There wasn't much to see: two pairs of Alex-sized tee shirts, shorts, underpants, and socks, a pair of Alex-sized sandals that looked like leather but were actually plastic, two new toothbrushes, a tube of candy-flavored toothpaste with superheroes on the label, a bottle of chewable multivitamins shaped like funny cavemen, a granola bar, and, at the bottom, a wallet. It was leather, buttery and supple, a softly glowing black on the outside, and inside an arterial red. There was a logo embossed on an inside flap, a leaping horse, and a monogram—HM—in gold Helvetica letters above the credit card slots. Other than the lingering smell of money, it was empty.

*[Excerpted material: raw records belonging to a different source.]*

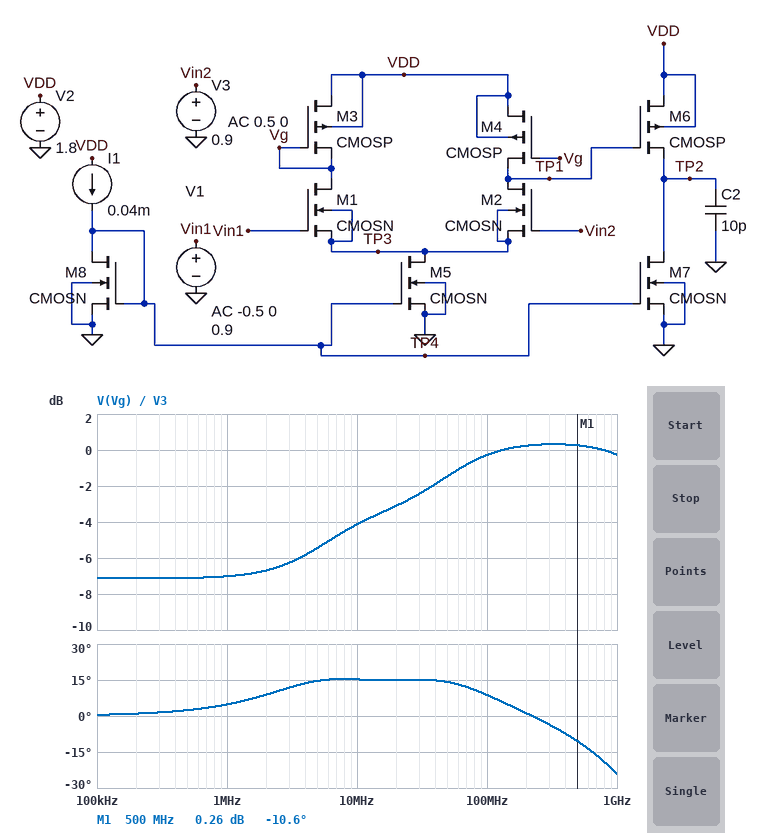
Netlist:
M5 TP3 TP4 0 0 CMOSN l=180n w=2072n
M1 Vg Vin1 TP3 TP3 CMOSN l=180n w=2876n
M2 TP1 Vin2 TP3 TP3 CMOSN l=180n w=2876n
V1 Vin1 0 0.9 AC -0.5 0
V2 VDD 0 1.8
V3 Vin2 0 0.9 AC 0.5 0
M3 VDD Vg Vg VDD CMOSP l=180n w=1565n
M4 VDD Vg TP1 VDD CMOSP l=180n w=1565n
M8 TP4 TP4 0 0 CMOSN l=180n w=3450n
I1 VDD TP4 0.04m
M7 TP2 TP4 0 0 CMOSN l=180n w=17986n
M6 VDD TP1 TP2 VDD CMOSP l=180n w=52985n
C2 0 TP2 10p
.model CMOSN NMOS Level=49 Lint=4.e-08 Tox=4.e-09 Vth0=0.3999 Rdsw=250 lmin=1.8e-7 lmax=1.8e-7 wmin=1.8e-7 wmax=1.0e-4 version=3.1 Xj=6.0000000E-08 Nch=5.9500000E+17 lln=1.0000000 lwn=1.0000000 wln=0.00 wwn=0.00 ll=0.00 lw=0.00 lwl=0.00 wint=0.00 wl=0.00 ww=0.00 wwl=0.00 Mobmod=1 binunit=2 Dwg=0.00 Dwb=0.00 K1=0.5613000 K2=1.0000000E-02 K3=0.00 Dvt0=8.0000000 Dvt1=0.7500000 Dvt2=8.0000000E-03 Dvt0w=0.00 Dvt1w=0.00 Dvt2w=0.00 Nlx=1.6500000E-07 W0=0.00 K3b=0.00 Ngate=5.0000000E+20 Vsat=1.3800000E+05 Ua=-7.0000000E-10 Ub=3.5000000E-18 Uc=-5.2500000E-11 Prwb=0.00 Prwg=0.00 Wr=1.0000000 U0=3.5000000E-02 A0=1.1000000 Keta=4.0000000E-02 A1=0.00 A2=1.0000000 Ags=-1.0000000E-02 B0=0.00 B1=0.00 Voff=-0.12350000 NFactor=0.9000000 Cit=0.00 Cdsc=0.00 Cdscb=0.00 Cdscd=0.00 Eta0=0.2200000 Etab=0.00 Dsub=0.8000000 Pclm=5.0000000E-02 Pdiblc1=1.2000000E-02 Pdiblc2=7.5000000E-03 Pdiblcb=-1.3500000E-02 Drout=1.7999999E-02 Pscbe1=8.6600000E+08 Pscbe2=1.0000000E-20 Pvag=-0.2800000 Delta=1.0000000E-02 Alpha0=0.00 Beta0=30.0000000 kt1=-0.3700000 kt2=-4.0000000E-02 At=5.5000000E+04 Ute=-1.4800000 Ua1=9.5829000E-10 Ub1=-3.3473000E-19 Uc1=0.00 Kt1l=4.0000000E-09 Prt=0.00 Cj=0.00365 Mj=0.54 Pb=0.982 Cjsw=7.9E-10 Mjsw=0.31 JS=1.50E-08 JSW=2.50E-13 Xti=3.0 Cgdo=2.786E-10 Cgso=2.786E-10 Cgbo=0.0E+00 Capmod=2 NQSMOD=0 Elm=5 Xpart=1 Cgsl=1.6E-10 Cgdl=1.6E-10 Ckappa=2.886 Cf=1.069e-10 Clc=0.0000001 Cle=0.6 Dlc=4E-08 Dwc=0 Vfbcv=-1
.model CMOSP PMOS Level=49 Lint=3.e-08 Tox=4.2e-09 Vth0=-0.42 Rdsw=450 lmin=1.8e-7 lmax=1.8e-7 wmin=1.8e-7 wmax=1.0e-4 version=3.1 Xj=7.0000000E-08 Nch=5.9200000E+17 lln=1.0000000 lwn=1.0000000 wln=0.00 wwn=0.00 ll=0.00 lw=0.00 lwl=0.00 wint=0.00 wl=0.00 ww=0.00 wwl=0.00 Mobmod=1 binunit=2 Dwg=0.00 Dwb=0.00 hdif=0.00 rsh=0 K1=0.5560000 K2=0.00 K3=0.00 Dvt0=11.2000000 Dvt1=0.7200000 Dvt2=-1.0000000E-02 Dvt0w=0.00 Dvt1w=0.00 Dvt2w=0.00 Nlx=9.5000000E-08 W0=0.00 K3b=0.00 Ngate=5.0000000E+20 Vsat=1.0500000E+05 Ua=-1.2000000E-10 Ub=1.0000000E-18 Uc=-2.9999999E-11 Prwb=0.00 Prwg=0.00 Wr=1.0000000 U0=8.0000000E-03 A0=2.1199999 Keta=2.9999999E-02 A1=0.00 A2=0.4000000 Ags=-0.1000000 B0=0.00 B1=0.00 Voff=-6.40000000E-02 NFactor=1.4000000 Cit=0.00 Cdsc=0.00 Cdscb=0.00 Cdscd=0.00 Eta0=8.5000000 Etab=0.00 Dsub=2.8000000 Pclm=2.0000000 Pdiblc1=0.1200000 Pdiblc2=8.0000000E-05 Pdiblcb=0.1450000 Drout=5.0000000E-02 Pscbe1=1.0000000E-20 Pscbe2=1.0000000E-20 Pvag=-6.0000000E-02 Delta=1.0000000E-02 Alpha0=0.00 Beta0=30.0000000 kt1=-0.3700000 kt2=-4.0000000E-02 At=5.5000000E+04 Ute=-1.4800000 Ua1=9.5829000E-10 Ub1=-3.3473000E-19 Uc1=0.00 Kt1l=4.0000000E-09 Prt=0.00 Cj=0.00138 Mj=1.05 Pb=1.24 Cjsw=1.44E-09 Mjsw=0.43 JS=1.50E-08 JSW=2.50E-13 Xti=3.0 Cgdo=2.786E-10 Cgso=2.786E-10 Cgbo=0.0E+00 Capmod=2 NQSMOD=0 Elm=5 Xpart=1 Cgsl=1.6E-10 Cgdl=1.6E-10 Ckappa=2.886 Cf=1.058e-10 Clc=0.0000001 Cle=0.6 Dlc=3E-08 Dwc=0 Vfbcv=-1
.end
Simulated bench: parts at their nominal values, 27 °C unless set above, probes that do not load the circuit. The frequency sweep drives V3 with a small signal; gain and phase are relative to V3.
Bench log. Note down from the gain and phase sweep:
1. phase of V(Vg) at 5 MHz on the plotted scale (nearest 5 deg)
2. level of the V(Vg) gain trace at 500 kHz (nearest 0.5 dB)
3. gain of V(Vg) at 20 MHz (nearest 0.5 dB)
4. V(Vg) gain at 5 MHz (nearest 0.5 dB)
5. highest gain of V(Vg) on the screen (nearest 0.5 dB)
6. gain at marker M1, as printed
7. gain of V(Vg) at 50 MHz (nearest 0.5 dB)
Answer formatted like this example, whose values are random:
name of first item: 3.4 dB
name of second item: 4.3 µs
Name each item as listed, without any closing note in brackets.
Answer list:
phase of V(Vg) at 5 MHz on the plotted scale: 15 deg
level of the V(Vg) gain trace at 500 kHz: -7.0 dB
gain of V(Vg) at 20 MHz: -3.0 dB
V(Vg) gain at 5 MHz: -5.5 dB
highest gain of V(Vg) on the screen: 0.5 dB
gain at marker M1, as printed: 0.26 dB
gain of V(Vg) at 50 MHz: -1.5 dB
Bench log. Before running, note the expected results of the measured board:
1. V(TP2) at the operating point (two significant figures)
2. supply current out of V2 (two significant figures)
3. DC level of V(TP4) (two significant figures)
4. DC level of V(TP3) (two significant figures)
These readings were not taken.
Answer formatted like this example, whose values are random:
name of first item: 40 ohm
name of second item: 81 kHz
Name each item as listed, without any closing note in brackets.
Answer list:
V(TP2) at the operating point: 1.3 V
supply current out of V2: 520 µA
DC level of V(TP4): 480 mV
DC level of V(TP3): 510 mV
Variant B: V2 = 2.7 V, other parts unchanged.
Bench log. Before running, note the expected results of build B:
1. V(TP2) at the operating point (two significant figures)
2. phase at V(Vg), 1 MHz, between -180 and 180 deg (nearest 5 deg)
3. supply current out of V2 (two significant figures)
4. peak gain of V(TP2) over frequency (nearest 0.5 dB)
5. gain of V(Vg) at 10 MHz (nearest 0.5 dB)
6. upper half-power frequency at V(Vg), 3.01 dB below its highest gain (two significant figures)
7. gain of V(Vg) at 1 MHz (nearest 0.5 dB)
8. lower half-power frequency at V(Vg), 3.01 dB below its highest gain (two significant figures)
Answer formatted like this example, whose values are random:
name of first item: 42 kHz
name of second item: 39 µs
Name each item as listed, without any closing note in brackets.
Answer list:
V(TP2) at the operating point: 1.7 V
phase at V(Vg), 1 MHz, between -180 and 180 deg: 5 deg
supply current out of V2: 710 µA
peak gain of V(TP2) over frequency: 40.0 dB
gain of V(Vg) at 10 MHz: -3.5 dB
upper half-power frequency at V(Vg), 3.01 dB below its highest gain: 2.5 GHz
gain of V(Vg) at 1 MHz: -6.5 dB
lower half-power frequency at V(Vg), 3.01 dB below its highest gain: 25 MHz
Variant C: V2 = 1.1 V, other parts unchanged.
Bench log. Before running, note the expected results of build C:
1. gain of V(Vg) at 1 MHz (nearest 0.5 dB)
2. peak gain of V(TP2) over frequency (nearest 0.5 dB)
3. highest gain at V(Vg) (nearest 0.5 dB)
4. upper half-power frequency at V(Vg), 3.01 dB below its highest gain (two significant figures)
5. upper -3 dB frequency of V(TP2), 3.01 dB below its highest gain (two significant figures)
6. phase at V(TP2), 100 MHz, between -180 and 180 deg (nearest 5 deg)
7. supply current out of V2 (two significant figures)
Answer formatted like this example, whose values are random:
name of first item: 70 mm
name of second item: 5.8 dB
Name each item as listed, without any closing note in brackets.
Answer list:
gain of V(Vg) at 1 MHz: -8.0 dB
peak gain of V(TP2) over frequency: 35.0 dB
highest gain at V(Vg): 0 dB
upper half-power frequency at V(Vg), 3.01 dB below its highest gain: 2.3 GHz
upper -3 dB frequency of V(TP2), 3.01 dB below its highest gain: 7.3 MHz
phase at V(TP2), 100 MHz, between -180 and 180 deg: -150 deg
supply current out of V2: 390 µA
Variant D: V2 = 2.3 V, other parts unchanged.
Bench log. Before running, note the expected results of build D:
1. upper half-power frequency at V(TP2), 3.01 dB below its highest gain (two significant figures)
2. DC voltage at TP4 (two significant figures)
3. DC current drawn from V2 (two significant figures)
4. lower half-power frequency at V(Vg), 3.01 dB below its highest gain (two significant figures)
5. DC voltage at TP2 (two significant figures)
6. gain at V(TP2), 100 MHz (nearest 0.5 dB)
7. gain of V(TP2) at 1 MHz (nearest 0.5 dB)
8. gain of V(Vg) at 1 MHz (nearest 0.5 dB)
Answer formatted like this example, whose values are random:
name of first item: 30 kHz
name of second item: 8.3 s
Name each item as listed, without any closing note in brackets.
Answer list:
upper half-power frequency at V(TP2), 3.01 dB below its highest gain: 7.0 MHz
DC voltage at TP4: 480 mV
DC current drawn from V2: 620 µA
lower half-power frequency at V(Vg), 3.01 dB below its highest gain: 25 MHz
DC voltage at TP2: 1.5 V
gain at V(TP2), 100 MHz: 11.0 dB
gain of V(TP2) at 1 MHz: 39.0 dB
gain of V(Vg) at 1 MHz: -6.5 dB
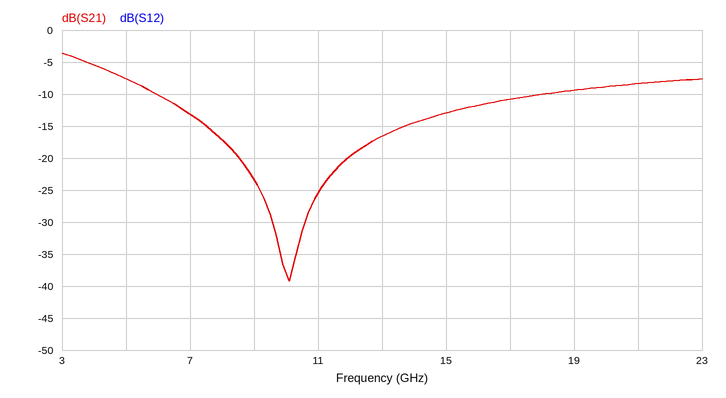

I held it up for Troop to see. “You find it this way?”

He nodded, and looked at his crotch again. “I told you, next to nothing.”

Sutter slapped the back of Troop's head. “Try not to be so full of shit,” he said, smiling.

“What was in there?” I asked.

Troop reached into his back pocket. His own wallet was a nylon-and-Velcro affair, like a lumpy gray brick. He peeled it open and took out a thin stack of cards. “Some guy's business cards—that's all there was. I figured the chick took the credit cards and cash.”

Sutter took the cards. “Hoover Mays. No address, just a 213 phone number. Who the fuck is named
Hoover
?”

“You planning to do something with the cards?” I asked.

“Thought maybe I could call the guy, sell his wallet back. Even empty it's worth something, and I wasn't gonna tell him it was empty.”

Sutter slapped his head again. “Douche bag. So this was it—the shopping bag, the wallet—nothing else?”

Troop rubbed his head. “I swear.”

Sutter looked at me. I shrugged, and he looked at Troop. “Here's your deal,” Sutter said. “You talk about our visit with no one—including and especially Siggy Rostov and his monkeys—and we do the same, okay? You tell no one how you spilled your guts to us, and we tell no one, and everyone sleeps soundly at night. Am I transmitting clear?”

Troop nodded. “It's clear.”

“Okay, then,” Sutter said, and he pocketed Hoover May's calling cards, leapt to the top of Troop's desk, and vaulted the glass again with no more effort than a leaf in the wind.